Live from New York, It’s the Presidential Debate: Saturday Night Live’s Political Sketches


Alec Baldwin, left, as Republican presidential candidate, Donald Trump, and Kate Mckinnon, as Democratic candidate, Hillary Clinton, perform during the "Debate Cold Open" sketch on the 42nd season of "Saturday Night Live," in New York, Saturday, Oct. 1, 2016.

Alec Baldwin, left, as Republican presidential candidate, Donald Trump, and Kate Mckinnon, as Democratic candidate, Hillary Clinton, perform during the “Debate Cold Open” sketch on the 42nd season of “Saturday Night Live,” in New York, Saturday, Oct. 1, 2016.

By Jordan Norkus

Asst. Arts & Entertainment Editor

With Election Day right around the corner, the American television show, “Saturday Night Live,” has kicked off its 42 season with sketches about the recent presidential election debates.

The past three episodes have featured multiple political sketches that star Kate McKinnon as Democratic Party nominee, Hillary Clinton, and Alec Baldwin as Republican Party nominee, Donald Trump.

“Let’s have Kate McKinnon and Alec Baldwin as the new presidential nominees, please. Absolutely hysterical,” said junior Emily Shea.

On Sunday, Oct. 16 Trump shared what he thought about the sketches and Baldwin’s portrayal of him on Twitter.

“Watched Saturday Night Live hit job on me. Time to retire the boring and unfunny show. Alec Baldwin’s portrayal stinks. Media rigging election,” said Trump.

Although Trump was not pleased, students thought that Baldwin was the perfect choice.

“Alec Baldwin was an inspired casting choice for Trump,” said junior Edward Feeley.

Students also said that the recent political sketches have been better than ones from previous seasons.

“These are the best political sketches they’ve had in years,” said alumna Sarah Klaum, class of 2016. “Keeping Alec Baldwin on as a featured actor is one of the best decisions they’ve made in a long time.”

When comparing SNL’s political sketches to the actual debates, students found them to be similar.

“I love the skits,” said senior Emily Creighton. “Only now when I watch the real debates, they’re so ridiculous that I feel like I’m basically watching a SNL skit.”

Even before the sketches, many students found the debates comical.

“SNL must be loving this election because they barely have to alter what is already a comedic race,” said junior Mark Boyle.

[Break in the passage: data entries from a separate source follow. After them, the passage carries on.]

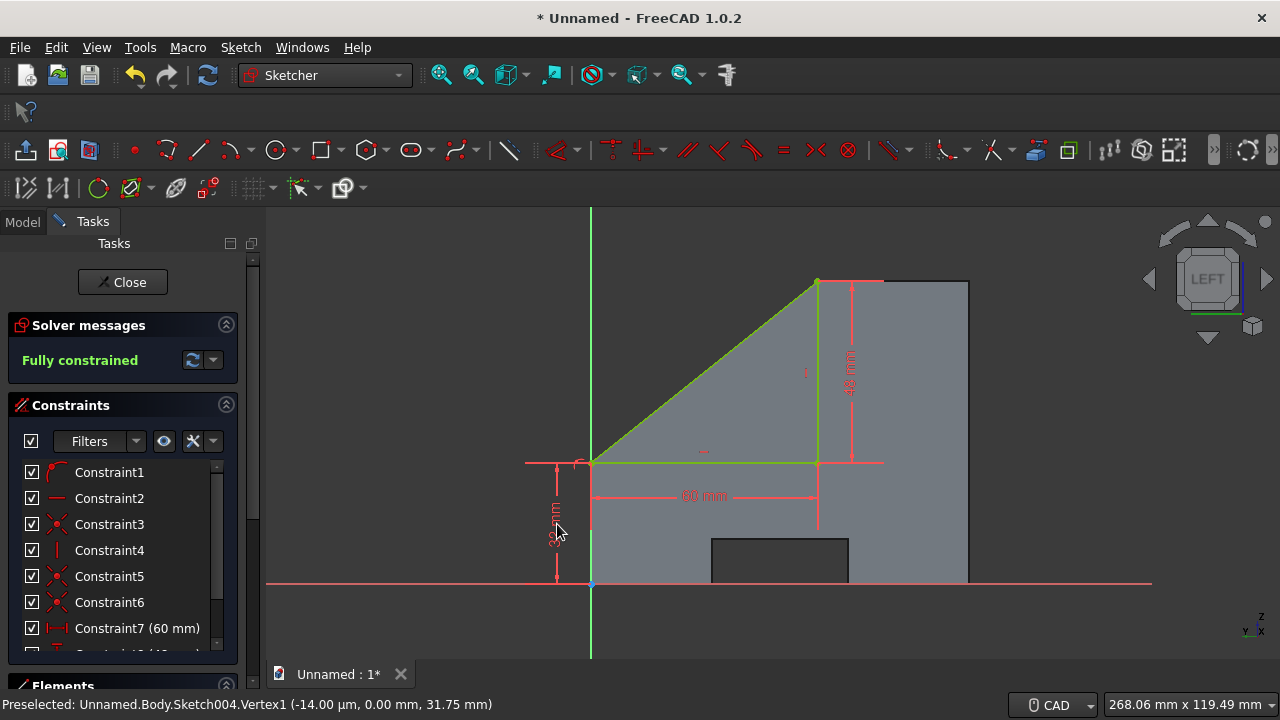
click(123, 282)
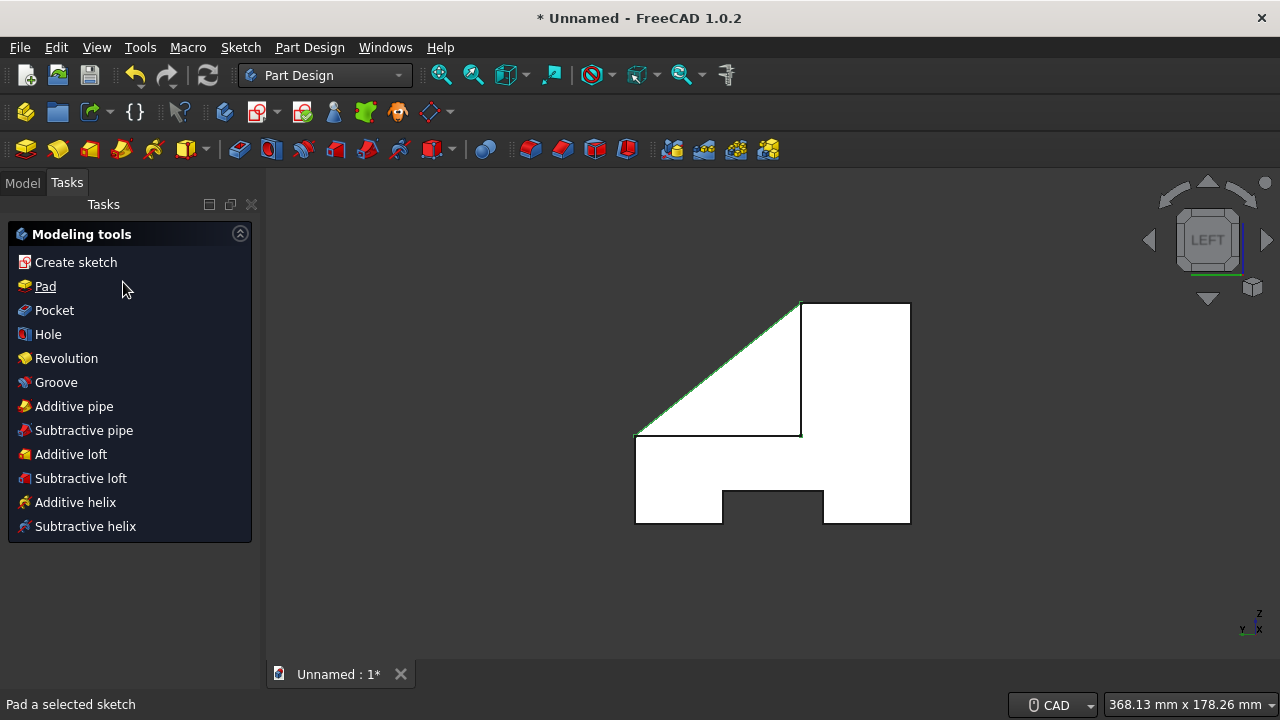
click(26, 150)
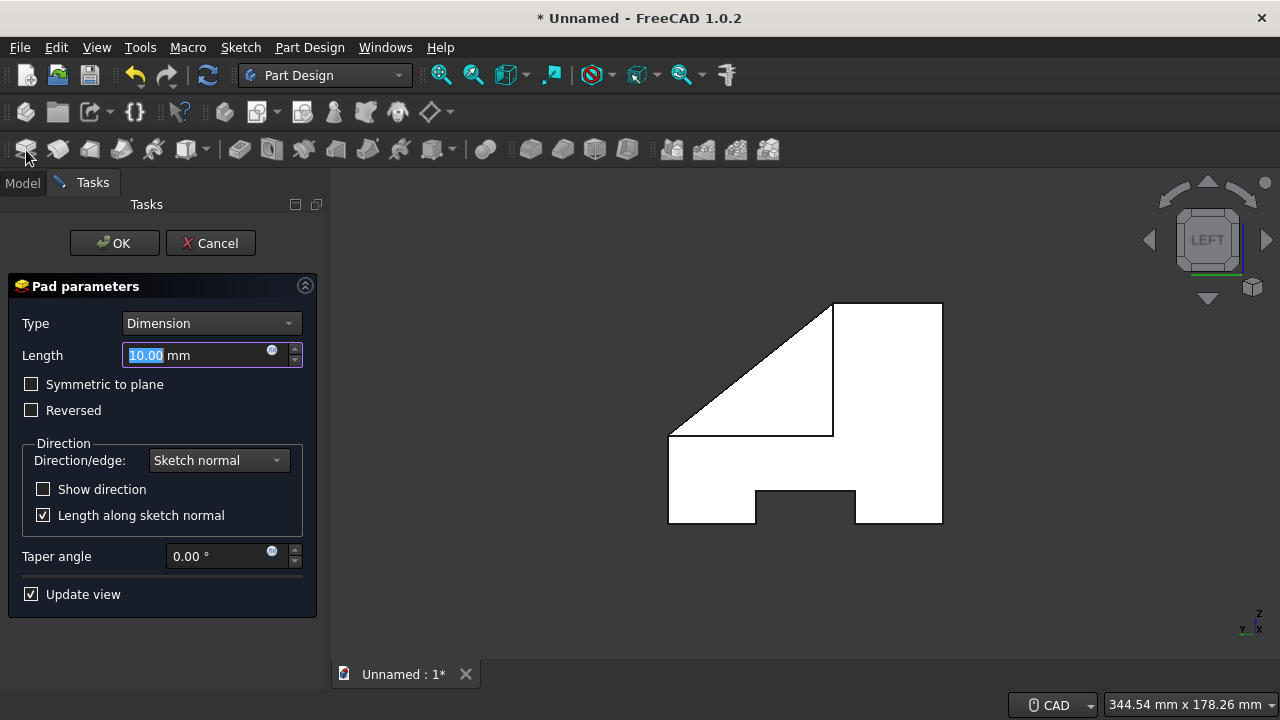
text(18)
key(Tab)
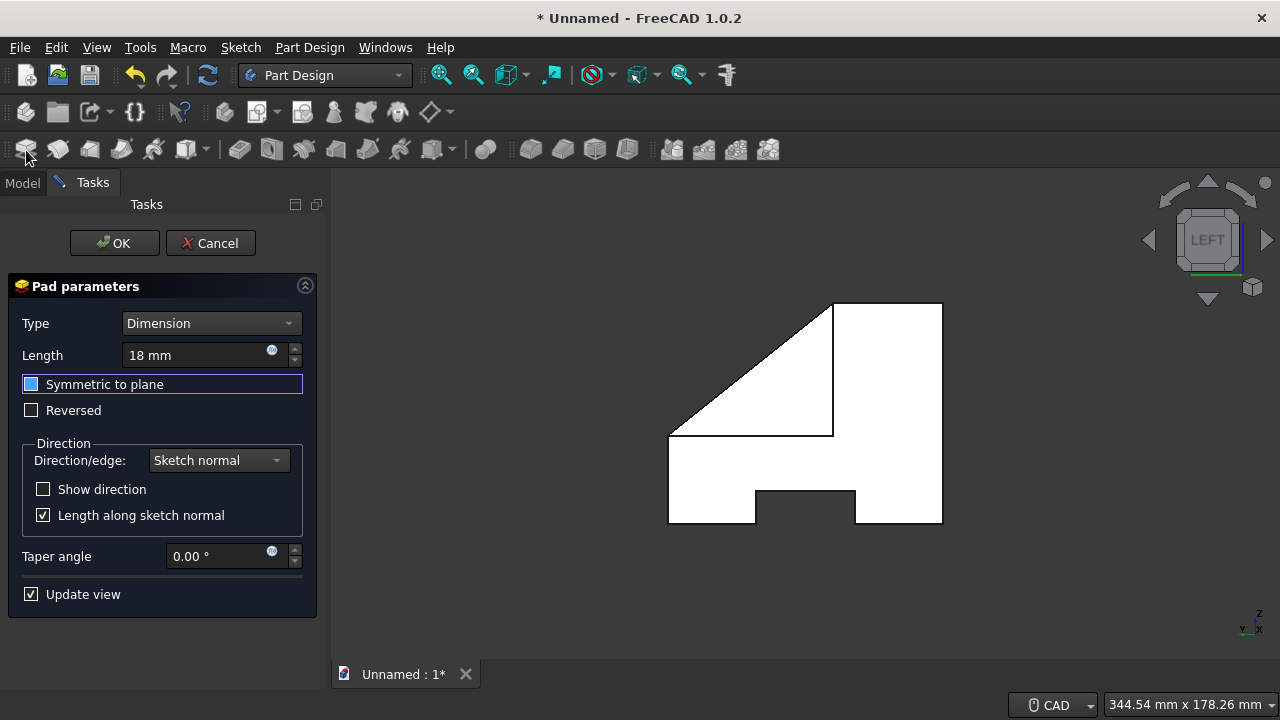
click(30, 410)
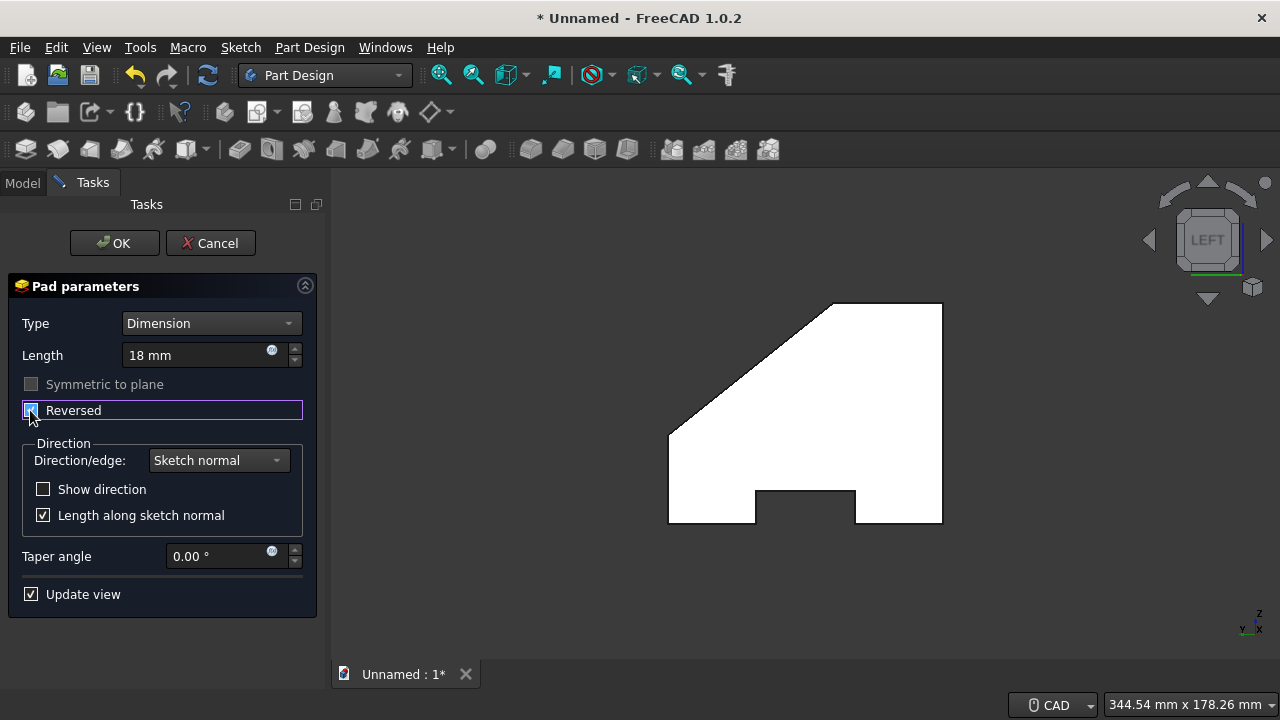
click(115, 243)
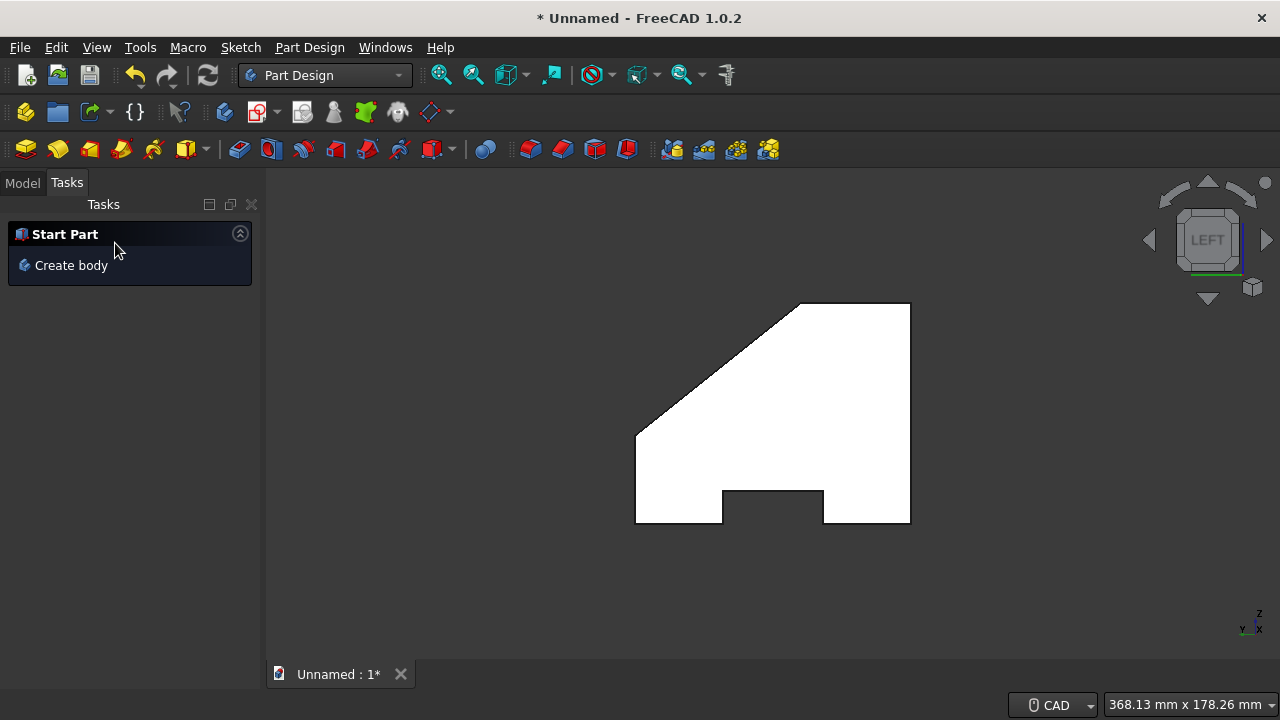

While many students have found the sketches to be funny, some have found them biased against a particular party.

“I will say that although they should keep their skits unbiased, it seems that their recent political skits have been more left-winged,” said Boyle. “Perhaps their target market leans more toward liberals, but nevertheless, I would like to see future skits to be less biased. I think it makes for inaccurate depictions of the overall race.”

Boyle also said how the sketches focus too much attention on subjects that are beside the point.

“They show the bad in the election because it makes for better television,” said Boyle. “It’s funny, but they poke at what doesn’t matter.”

With the third presidential debate taking place on Wednesday, Oct. 19, students look forward to what SNL will do in its next political sketch.

“The sketches are wildly funny and SNL’s doing exactly what everybody’s thinking,” said freshman Justin Weigel.